- Lugogo Map of Kampala showing the location of Lugogo
- Coordinates: 00°19′41″N 32°36′21″E﻿ / ﻿0.32806°N 32.60583°E
- Country: Uganda
- Region: Central Uganda
- District: Kampala District
- Division: Kampala Central Division
- Time zone: UTC+3 (EAT)

= Lugogo, Kampala =

Lugogo is an area in the city of Kampala, Uganda's capital.

==Location==

Lugogo is on the eastern edge of the Kampala Central Division, one of the five administrative divisions of Kampala. It is bisected into north and south by the Kampala–Jinja Highway. The Lugogo Channel, a wetland, drains the neighborhood in a north to south direction, discharging into the Nakivubo Channel and then into Lake Victoria to the south. This is about 4.5 km, by road, east of the city center. The coordinates of Lugogo are 0°19'41.0"N, 32°36'21.0"E (Latitude:0.328056; Longitude:32.605833).

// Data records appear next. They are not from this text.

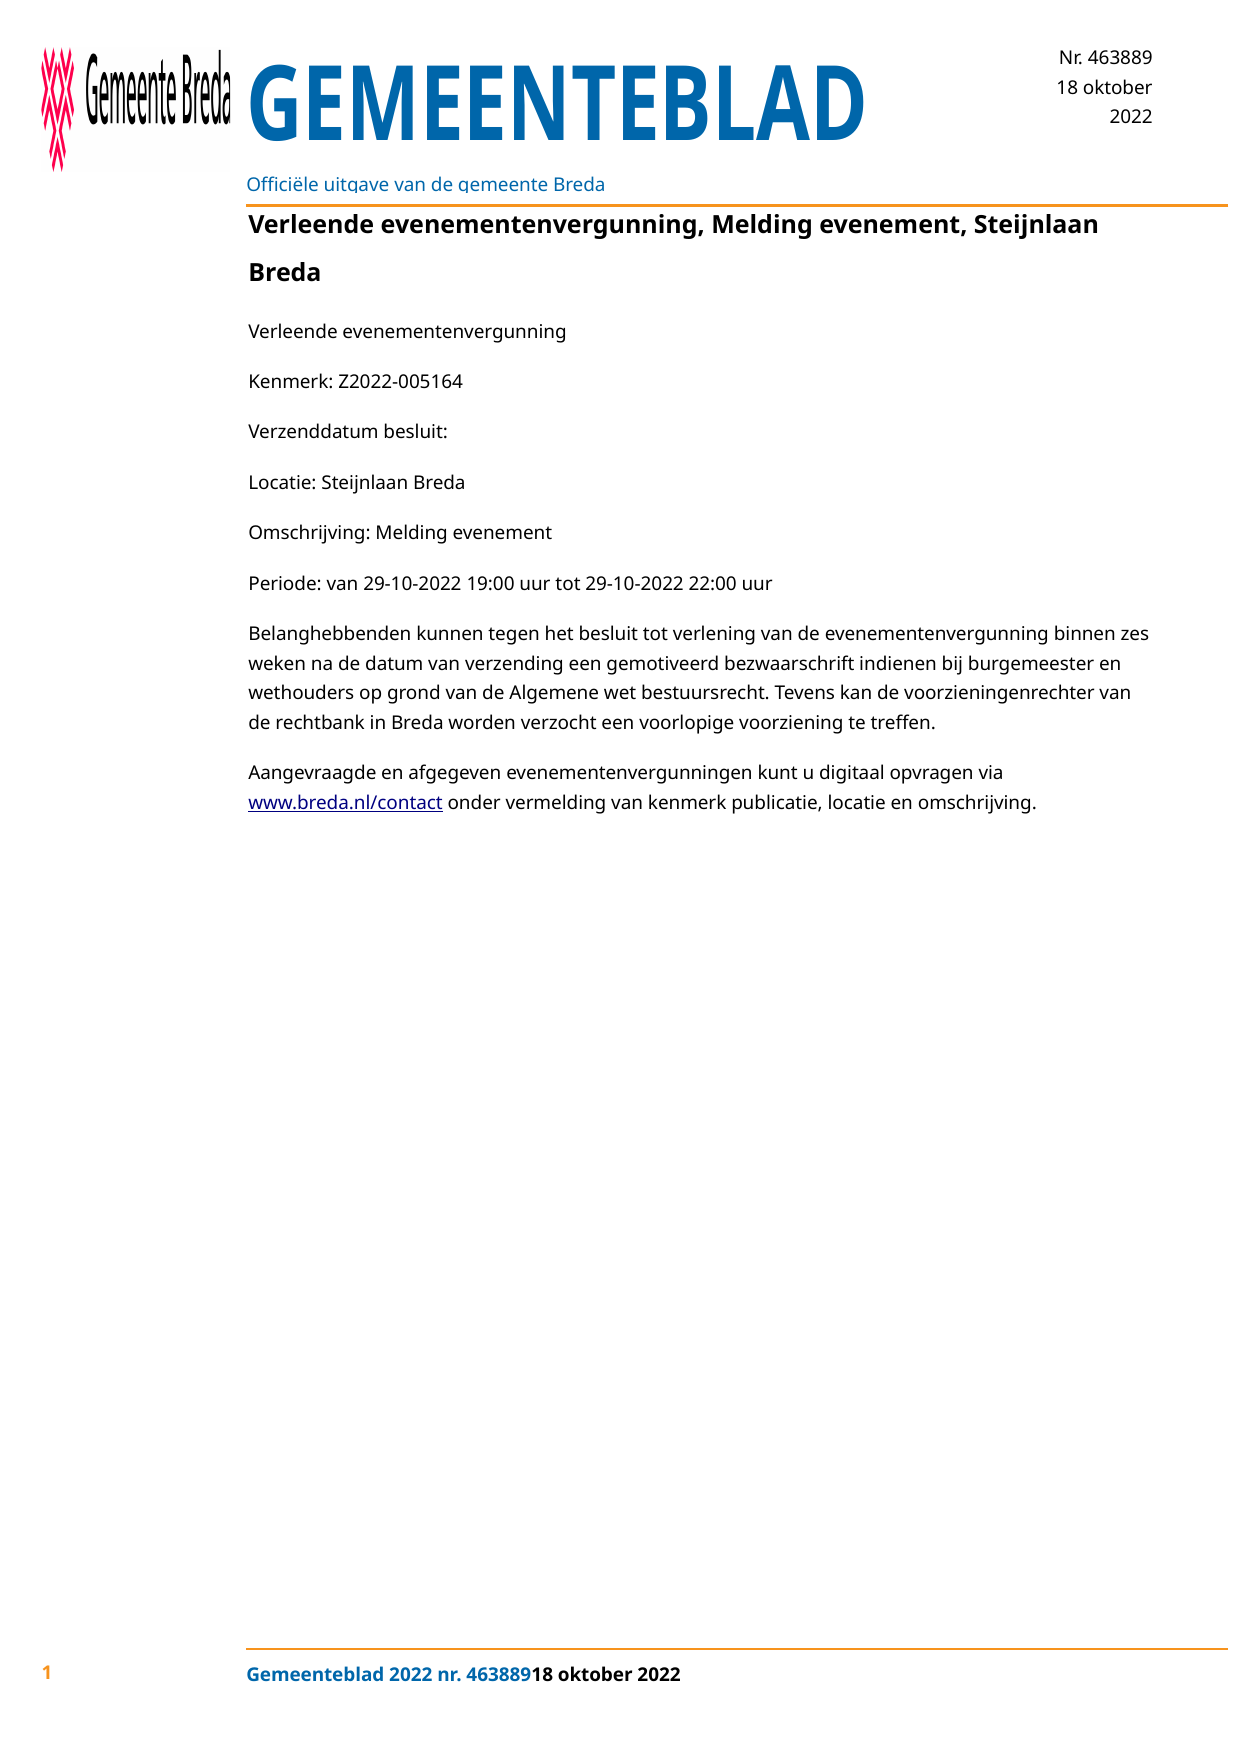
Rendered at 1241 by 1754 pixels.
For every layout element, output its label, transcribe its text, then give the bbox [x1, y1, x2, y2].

text Verleende evenementenvergunning [248, 318, 1152, 344]
picture [41, 47, 231, 172]
text Verzenddatum besluit: [248, 419, 1152, 444]
text Aangevraagde en afgegeven evenementenvergunningen kunt u digitaal opvragen via www.breda.nl/contact onder vermelding van kenmerk publicatie, locatie en omschrijving. [248, 759, 1152, 815]
text Periode: van 29-10-2022 19:00 uur tot 29-10-2022 22:00 uur [248, 570, 1152, 596]
text Kenmerk: Z2022-005164 [248, 368, 1152, 394]
text Locatie: Steijnlaan Breda [248, 469, 1152, 495]
text Verleende evenementenvergunning, Melding evenement, Steijnlaan Breda [248, 207, 1152, 288]
text Belanghebbenden kunnen tegen het besluit tot verlening van de evenementenvergunning binnen zes weken na de datum van verzending een gemotiveerd bezwaarschrift indienen bij burgemeester en wethouders op grond van de Algemene wet bestuursrecht. Tevens kan de voorzieningenrechter van de rechtbank in Breda worden verzocht een voorlopige voorziening te treffen. [248, 620, 1152, 735]
text Omschrijving: Melding evenement [248, 519, 1152, 545]

Lugogo is geographically divided into three parts: Lugogo North East, Lugogo North West and Lugogo South.

===Lugogo North East===
Lugogo North East is bordered by Naguru Road to the north, the Lugogo Bypass to the west, and the Kampala–Jinja Highway to the south. The eastern boundary of this neighborhood is the western boundary of the Uganda Manufacturers Association showground, which is in Nakawa Division.

===Lugogo North West===
Lugogo North West is bounded by Hesketh Bell Road to the north, Archer Road to the west, Kampala–Jinja Highway to the south and Lugogo Bypass Road to the east.

===Lugogo South===
Lugogo South is bordered by the Kampala–Jinja Highway to the north and Fourth Street to the west. The eastern boundary stretches from the eastern edge of Star Auto Paradise to the eastern edge of Shell Club. The southern boundary of Lugogo South is marked by a semi-circular drainage channel that stretches from Shell Club to Spring Street.

==Overview==
Lugogo North contains two shopping malls, an indoor sports complex, offices, an international school, and a hospital. Lugogo South containing a large power substation, an open rugby field, a car dealership and two country clubs.

==Points of interest==
Lugogo has the following points of interest:

- Lugogo Sports Complex in North West Lugogo
- Naguru General Hospital
- Lugogo Forest Mall
- Lugogo Mall
- The French School, Kampala
- Kyadondo Rugby Club ground, one of the locations bombed by Somalia's Shabab in the July 2010 Kampala attacks
- Lugogo Electricity Substation, owned by Uganda Electricity Transmission Company Limited (UETCL).